[Opening Working data section]

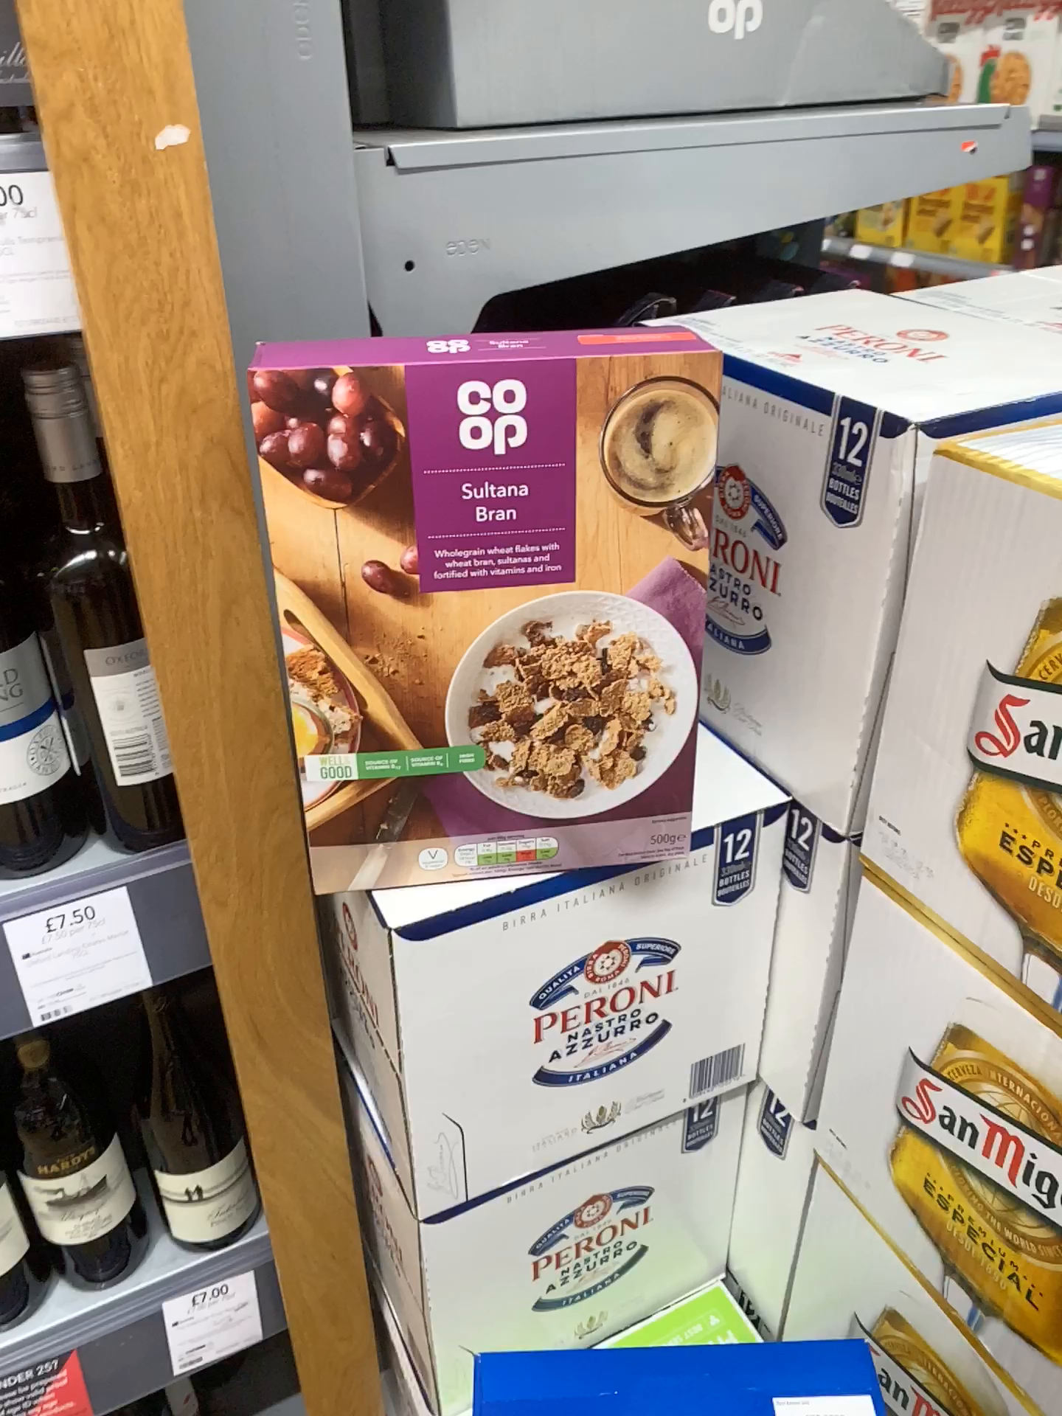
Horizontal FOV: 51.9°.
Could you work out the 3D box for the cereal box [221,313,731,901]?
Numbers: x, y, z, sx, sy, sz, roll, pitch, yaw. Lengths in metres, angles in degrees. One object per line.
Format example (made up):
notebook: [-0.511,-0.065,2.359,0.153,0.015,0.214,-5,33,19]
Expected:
cereal box: [-0.020,-0.042,0.520,0.200,0.258,0.071,-5,29,-6]

[Closing Working data section]

- [What this task involves]:
Although the records include pictures, output only their text, exactly and completely.

- [Answer space]:
Horizontal FOV: 51.9°.
Could you work out the 3D box for the cereal box [221,313,731,901]?
Numbers: x, y, z, sx, sy, sz, roll, pitch, yaw. Lengths in metres, angles in degrees. One object per line.
Format example (made up):
notebook: [-0.511,-0.065,2.359,0.153,0.015,0.214,-5,33,19]
Expected:
cereal box: [-0.020,-0.042,0.520,0.200,0.258,0.071,-5,29,-6]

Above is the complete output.